- DIRECTIONS:
Everything from the line containing "Instruction: Find the" to the last line of the listing below should be restated exactly, both ends included, with nothing added and the pictures omitted.

- DATA:
== == ==
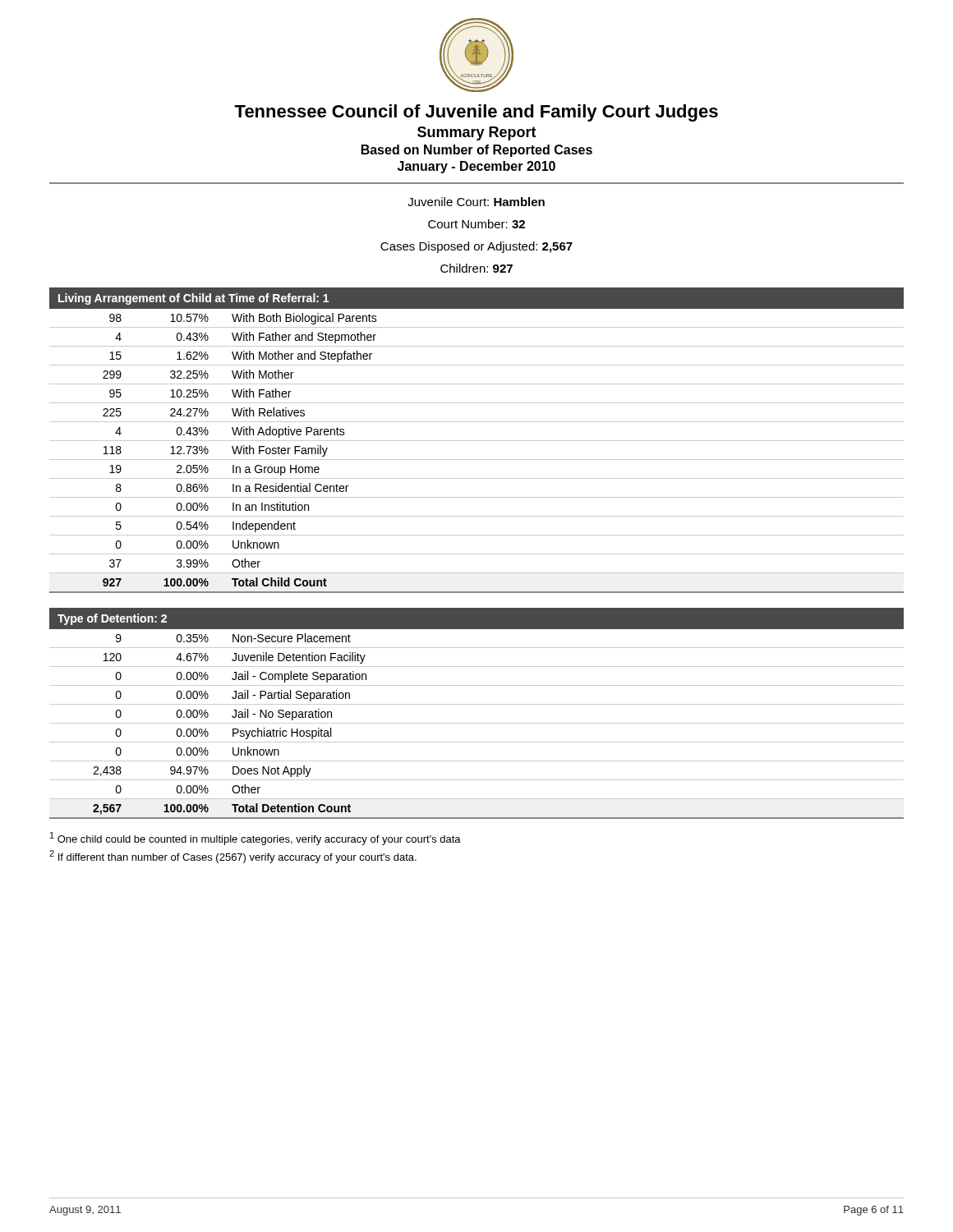Select the region starting "Tennessee Council of Juvenile and Family Court Judges"
The height and width of the screenshot is (1232, 953).
coord(476,111)
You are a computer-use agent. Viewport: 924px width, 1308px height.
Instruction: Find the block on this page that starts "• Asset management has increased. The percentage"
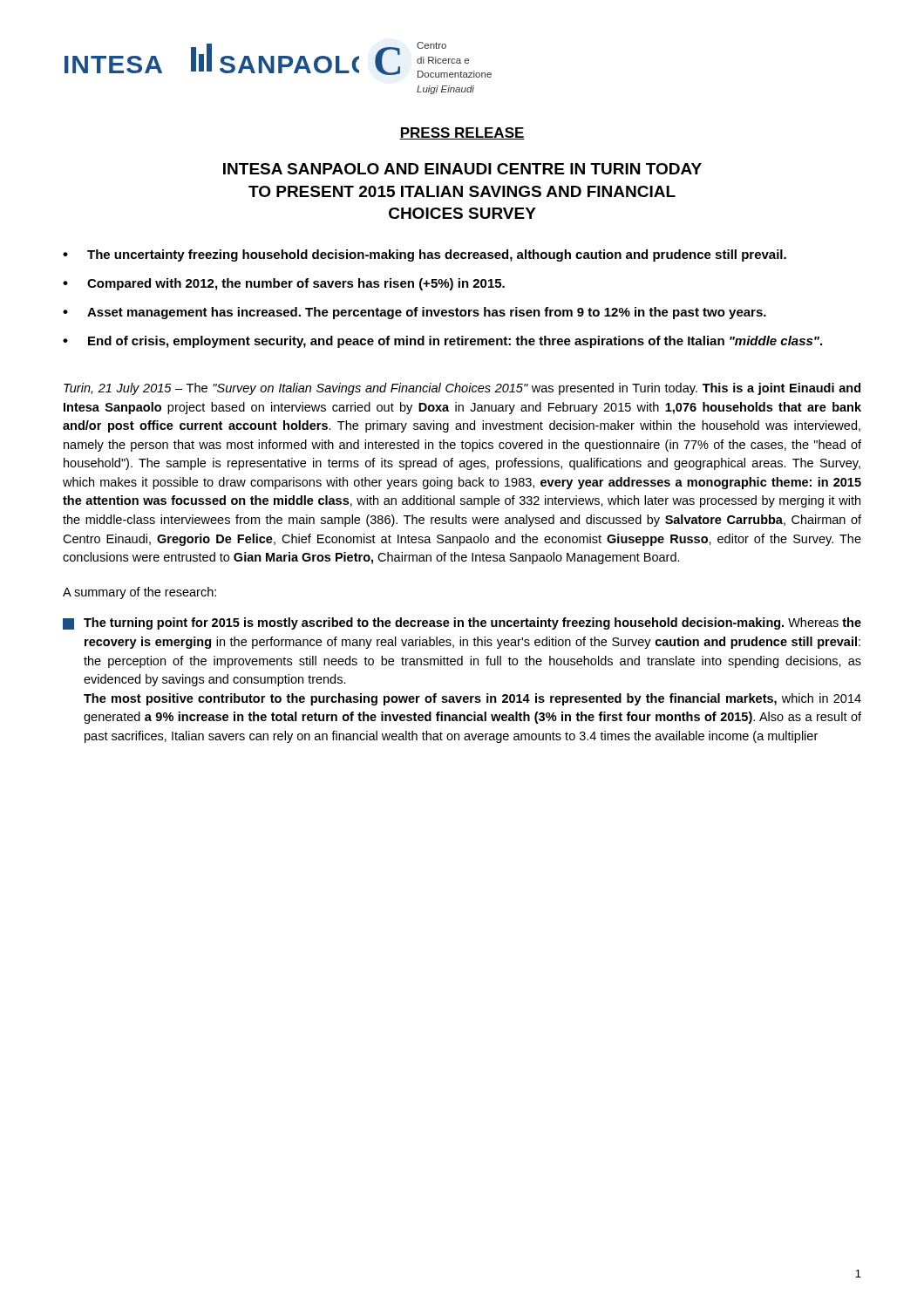(415, 313)
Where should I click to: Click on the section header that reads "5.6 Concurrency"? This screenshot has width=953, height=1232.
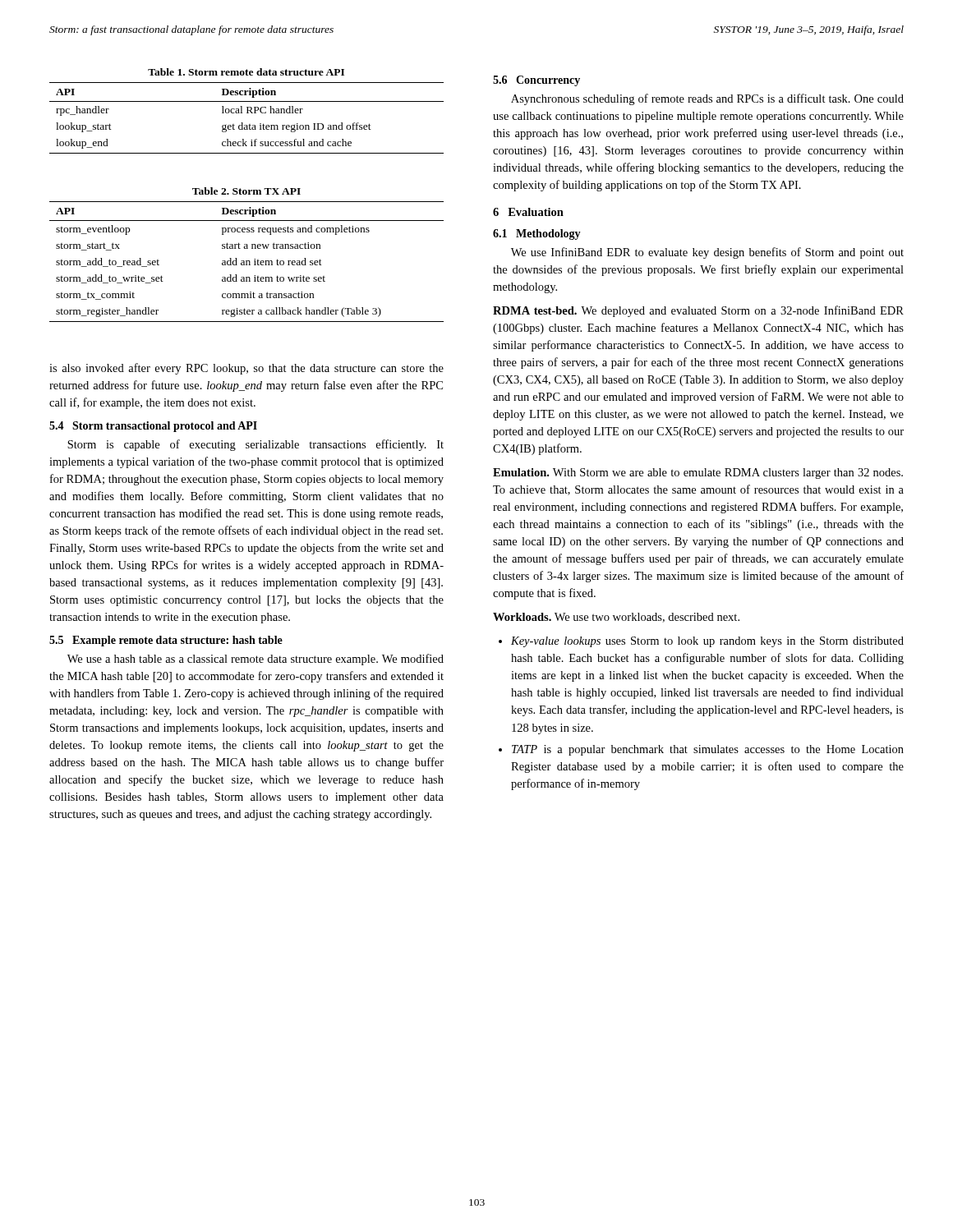537,80
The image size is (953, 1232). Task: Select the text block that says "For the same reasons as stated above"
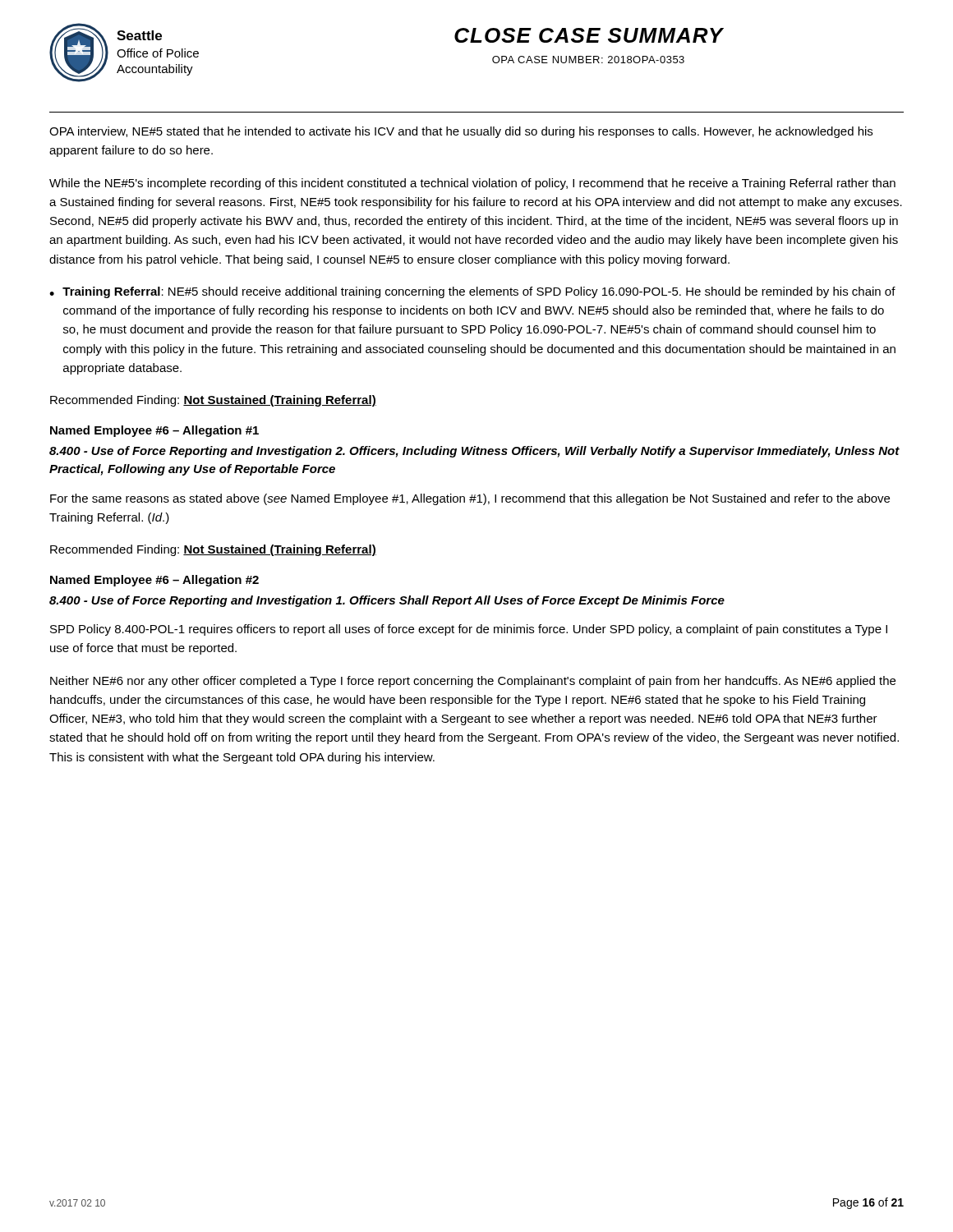point(470,507)
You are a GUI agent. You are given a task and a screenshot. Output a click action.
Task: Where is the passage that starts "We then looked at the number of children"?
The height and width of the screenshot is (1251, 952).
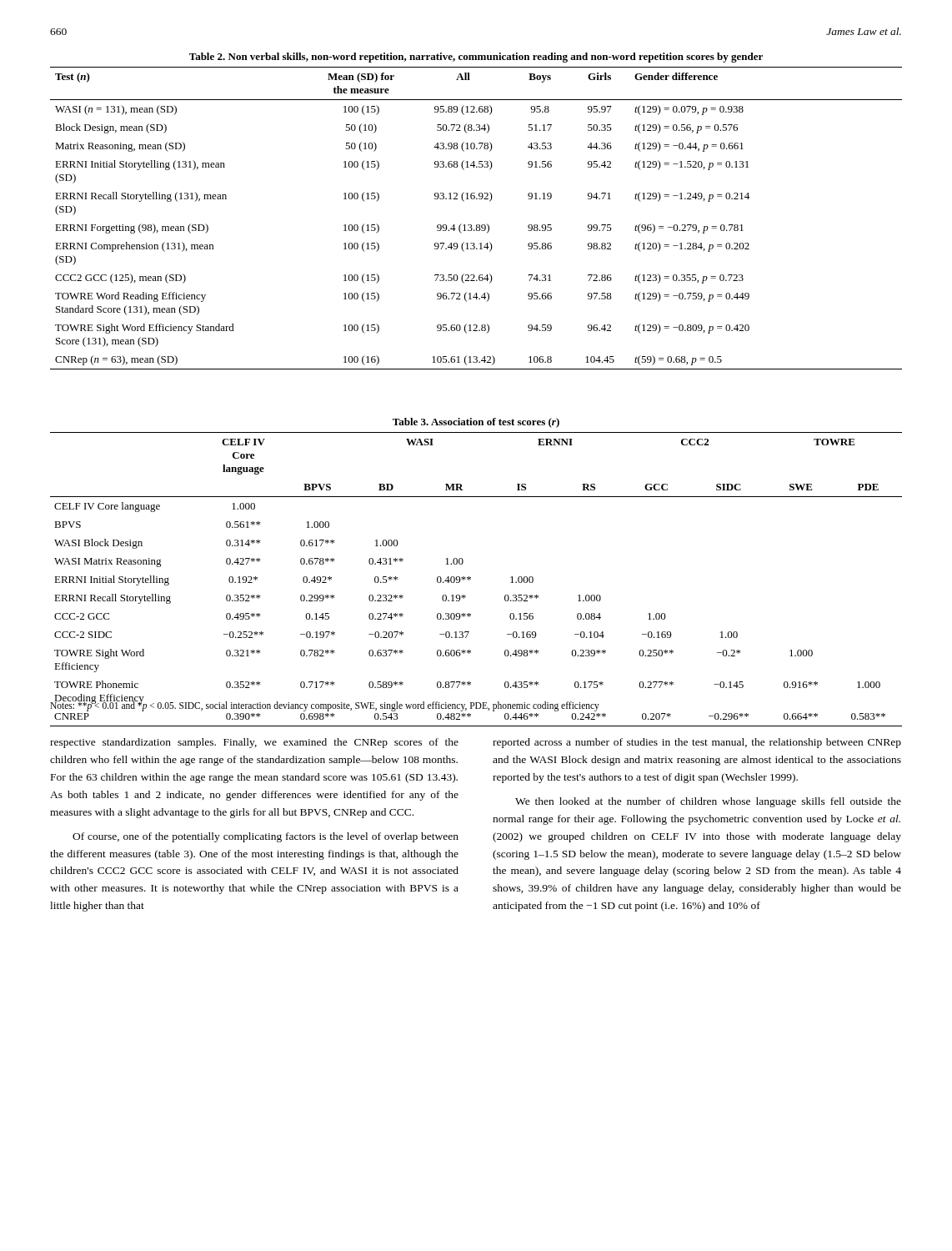point(697,854)

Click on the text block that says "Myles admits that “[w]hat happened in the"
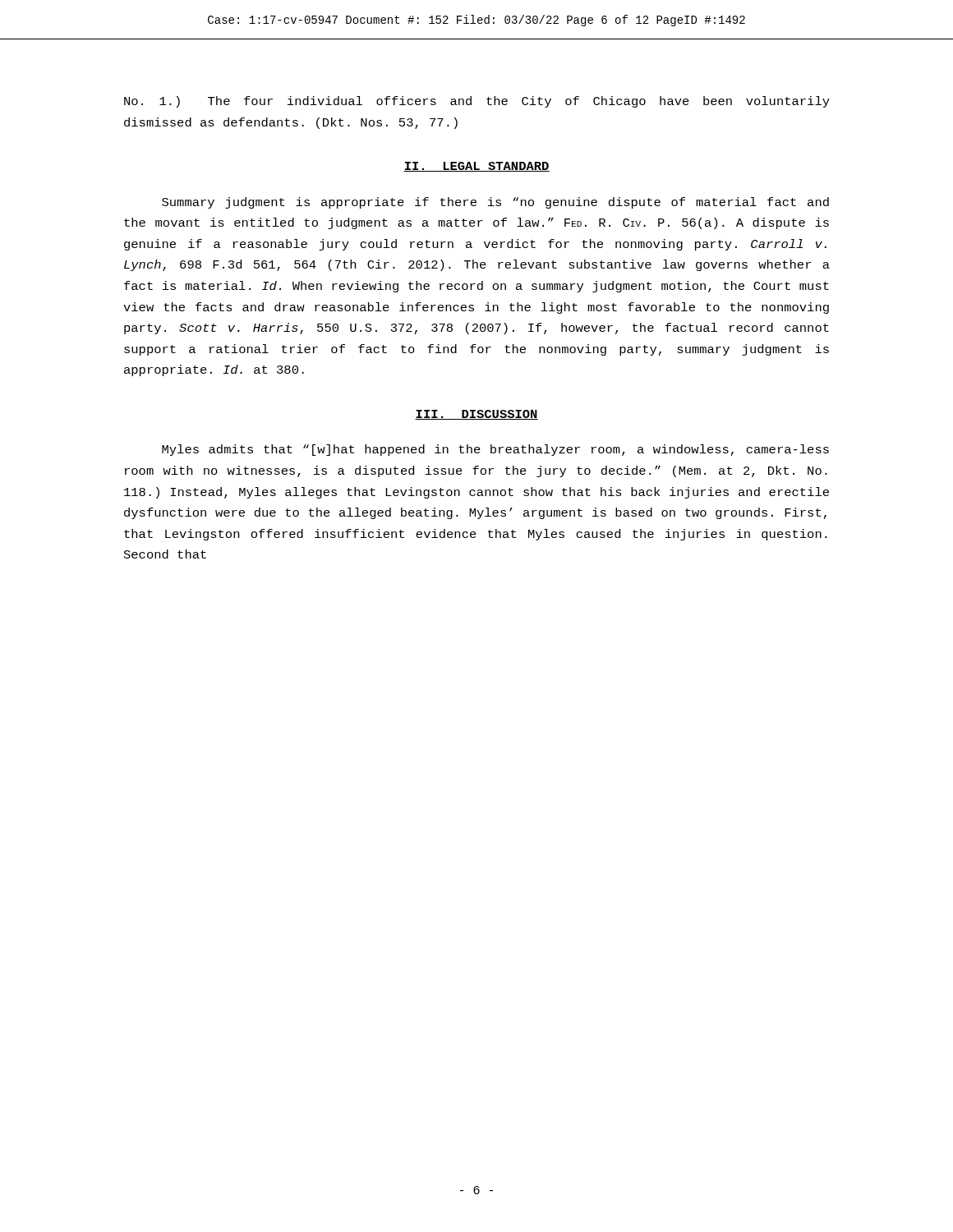[x=476, y=503]
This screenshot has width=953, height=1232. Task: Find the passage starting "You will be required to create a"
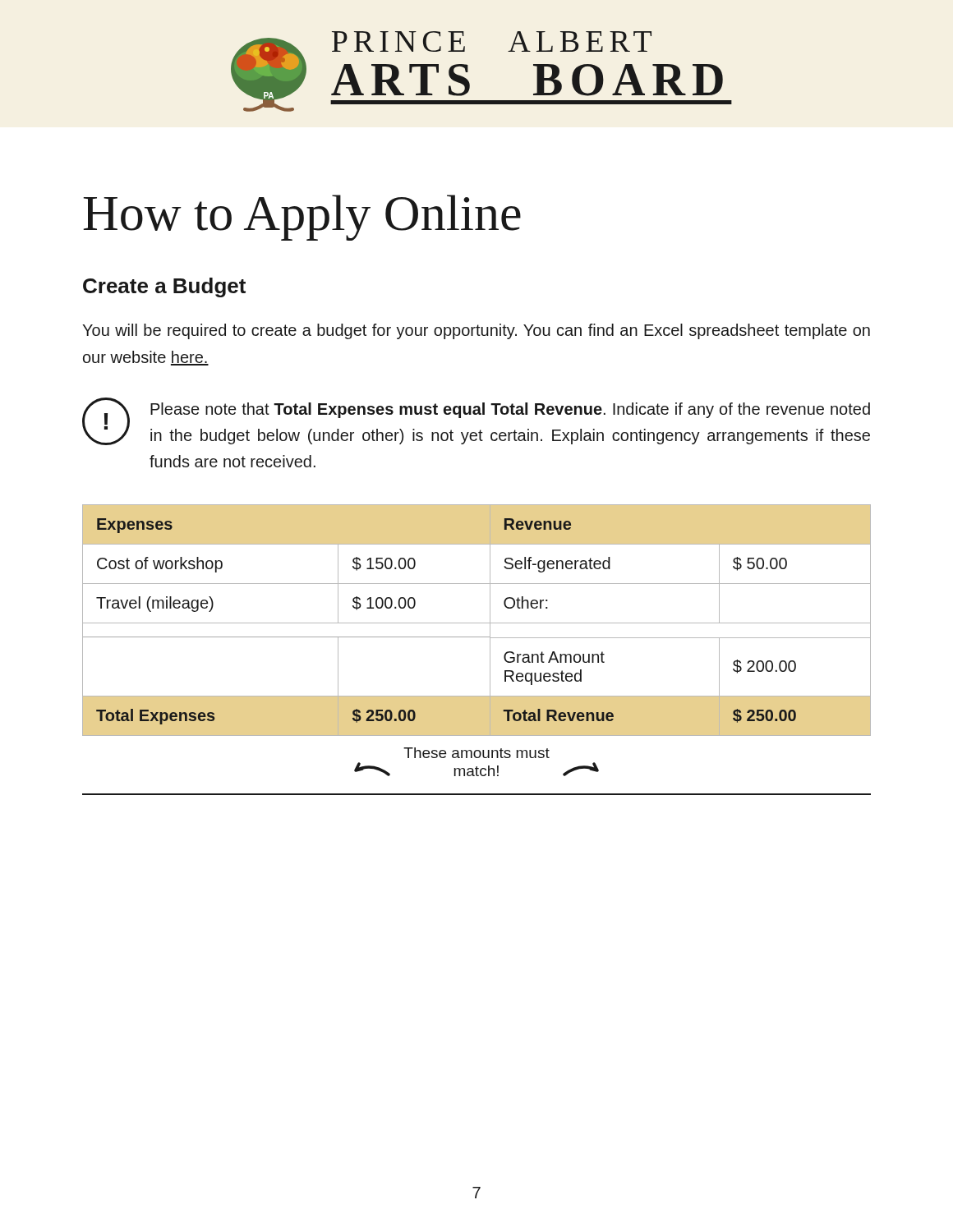point(476,344)
== == ==
- WRITTEN RESPONSE:
Instruction: Find the block on this page that starts "• Asset management has increased. The percentage"
(415, 313)
Where should I click to: Click on the section header that reads "5.6 Concurrency"? This screenshot has width=953, height=1232.
537,80
The image size is (953, 1232). Task: Select the text block that says "For the same reasons as stated above"
point(470,507)
You are a GUI agent. You are given a task and a screenshot. Output a click action.
Task: Where is the passage that starts "We then looked at the number of children"?
The height and width of the screenshot is (1251, 952).
point(697,854)

Click on the text block that says "Myles admits that “[w]hat happened in the"
[x=476, y=503]
This screenshot has width=953, height=1232. Task: Find the passage starting "You will be required to create a"
point(476,344)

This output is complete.